Another anti-Trump conservative, Gerson is attached to an amicus curiae brief before the Supreme Court in favor of allowing Pennsylvania to count ballots postmarked on Election Day. In an interview with The Daily Beast, he argued that the campaign’s efforts to get its inspectors nearer the counters of on-time votes were merely a ploy to bind up the process and force it past the legal deadline on Friday, thus preventing large numbers of ballots from going toward the totals.
"The request is absurd,” said Gerson. "They're trying to prevent the counting of legitimately cast ballots, that the voters cast under the terms of the law as it was enunciated to them.”
Gerson further noted that the reason the count has extended so far past Election Day is the fault of the Keystone State’s legislature, which members of his party dominate, and which refused to pass legislation allowing mail-in ballots to be opened prior to Tuesday morning.
Charles Fried, former President Ronald Reagan’s solicitor general, was slightly more generous to the campaign’s calls to get its observers closer to the counting process. He granted that such reasoning was “plausible,” since historically campaign operatives have been allowed to oversee vote tallies.
What was implausible, he argued, was that it would make any difference.
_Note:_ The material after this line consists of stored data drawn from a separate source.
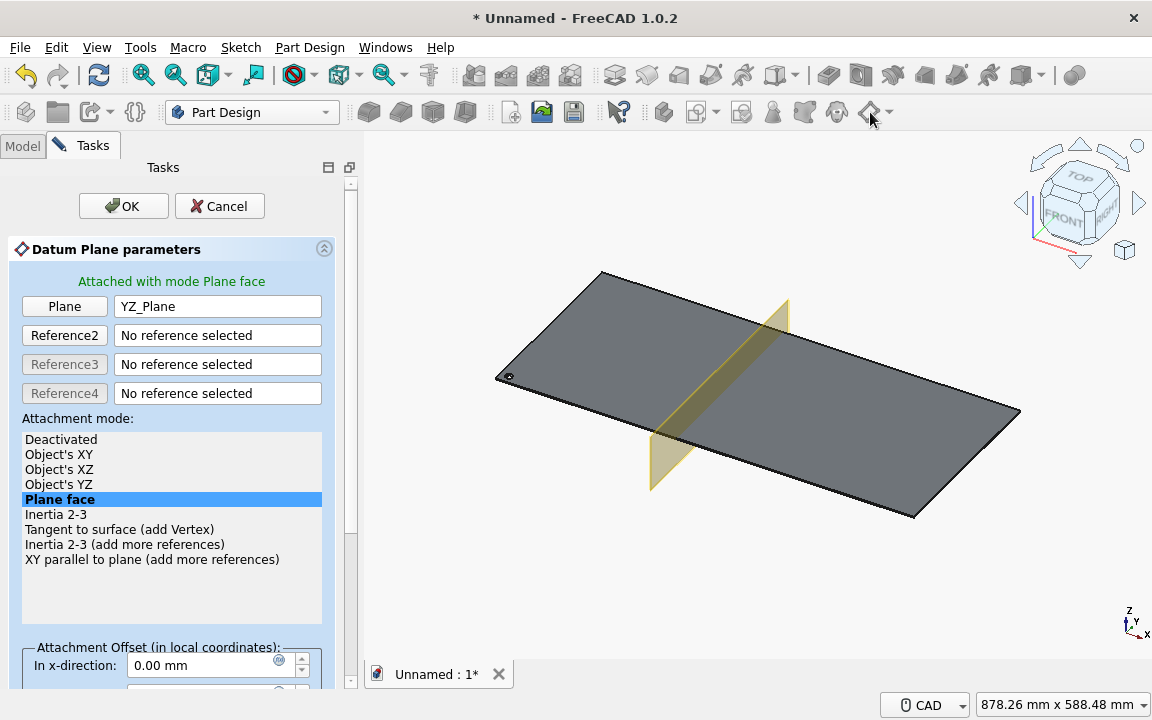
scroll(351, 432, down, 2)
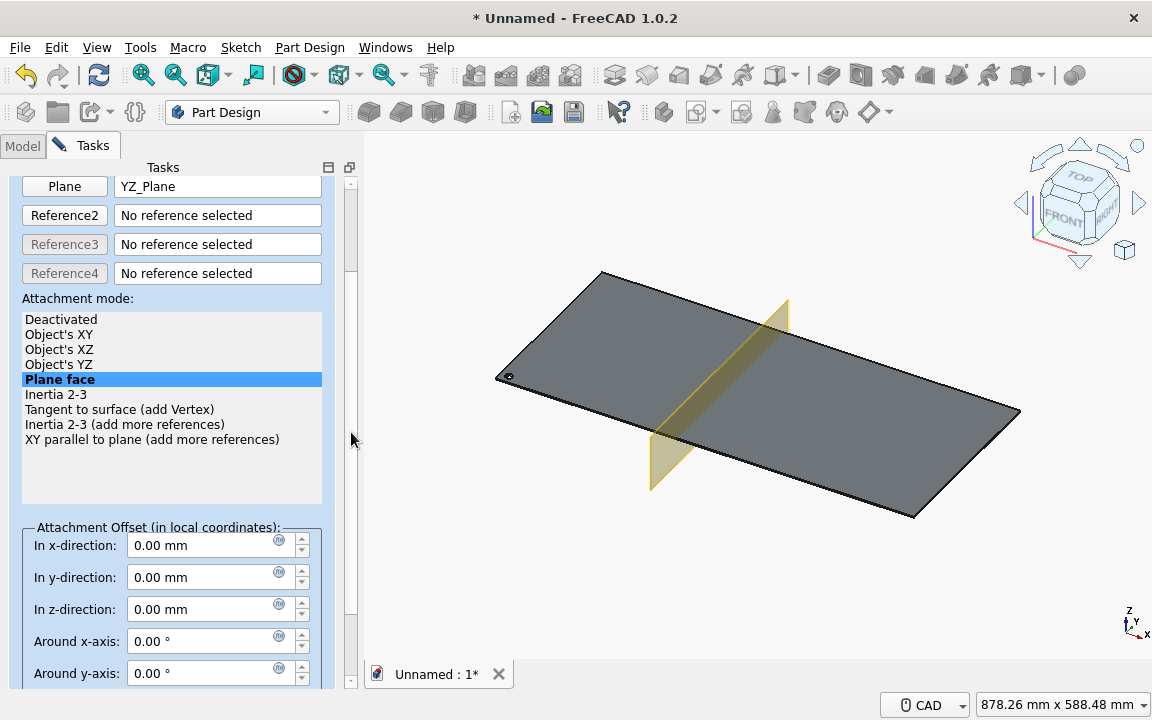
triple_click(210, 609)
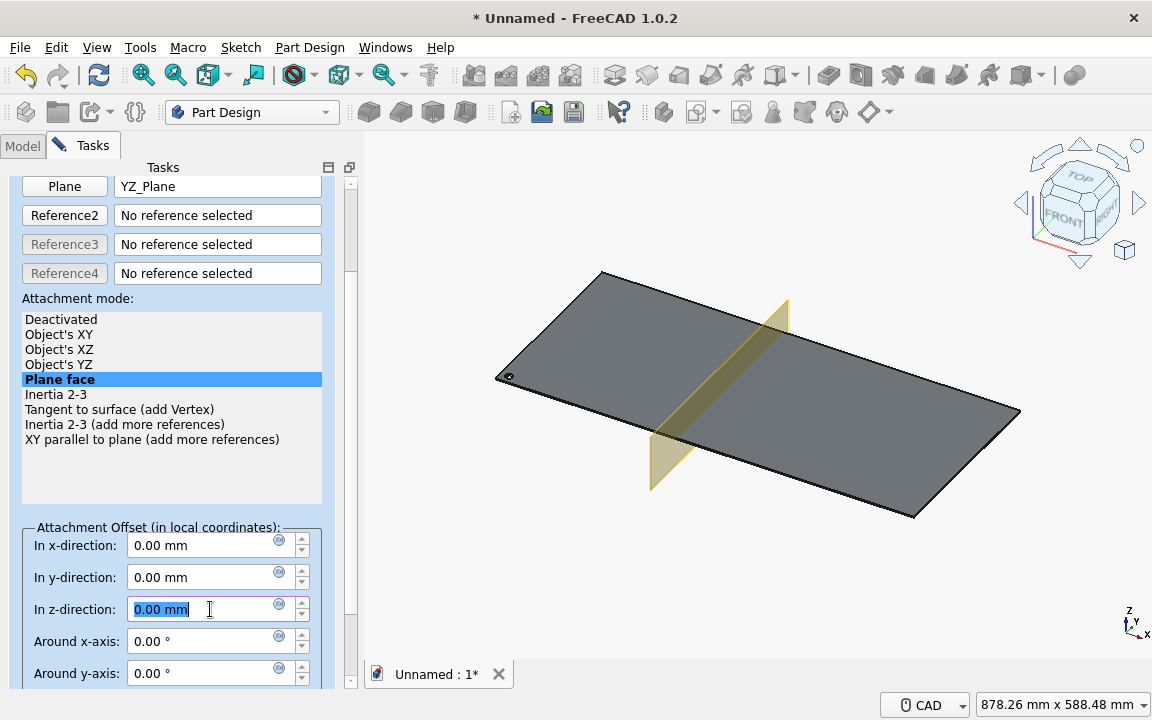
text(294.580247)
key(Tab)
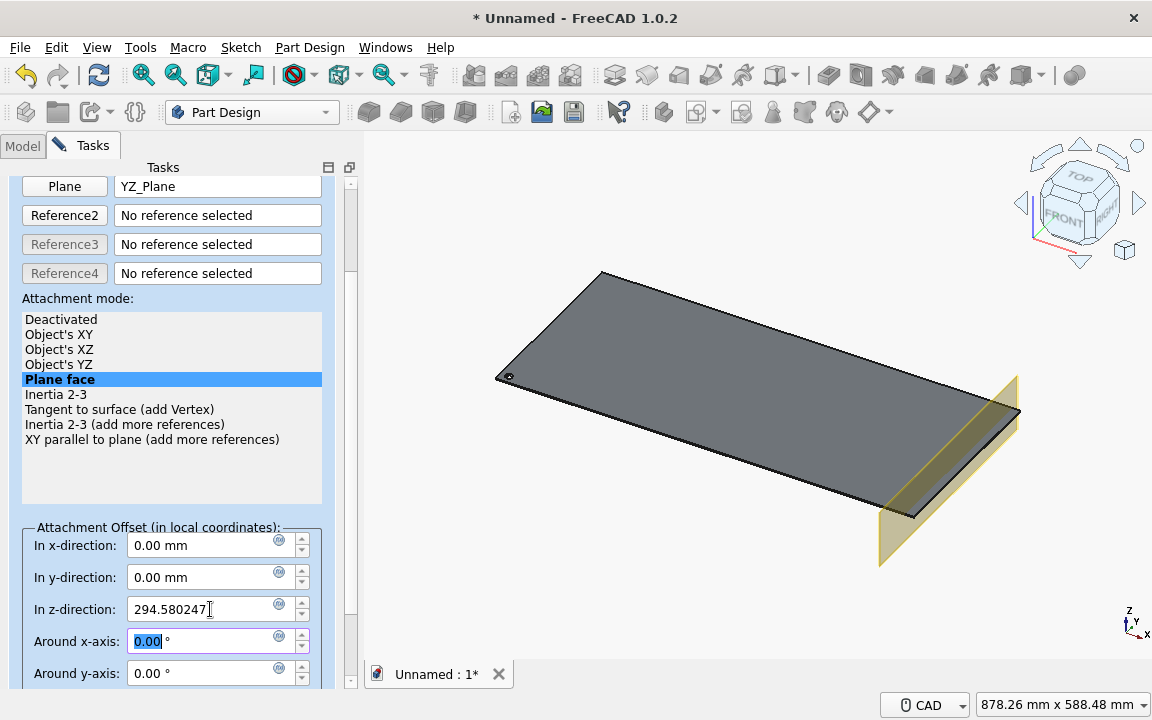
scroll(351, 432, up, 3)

Trump is already irrecoverably behind in the results from Michigan—the other state where he has fought in court to get his overseers nearer vote-notching workers—and his small lead in Pennsylvania was almost certain to vanish as deep-blue Philadelphia and other “collar” counties in the suburbs tallied votes that arrived by Election Night. (Those received since have been the subject of litigation that has already been passed on by the U.S. Supreme Court, though they could be subject to further litigation. In the meantime, they are not included in the official sum.)
"This is garbage,” Fried said. "None of that is going to change the outcome if they prevail.”
The lawsuits are merely an exercise in public relations, Fried maintained: an effort by Trump to deny and delegitimize his failure to secure a second term. According to the Harvard law school professor, the current situation is simply a continuation of a lifelong pattern of lying and frivolous litigation from Trump, who as a private citizen brought or threatened lawsuits against figures ranging from Merv Griffin to Rosie O’Donnell to hip-hop artist Mac Miller to his own ex-wife.
“The strategy is to kick up as much dust, to raise as much smoke, in order to be able to claim the election was stolen,” said Fried. “He's the kind of guy who kicks his golf ball out of the rough and pretends that's where it landed. That's what he's doing here.” Sure enough, Trump insiders previously told The Daily Beast the president’s approach to election litigation was basically to make life miserable for Democrats.
In his speech Thursday night, Trump showed no signs of giving up his legal fantasy.
“Ultimately,” he said, “I have a feeling judges are going to have to rule.”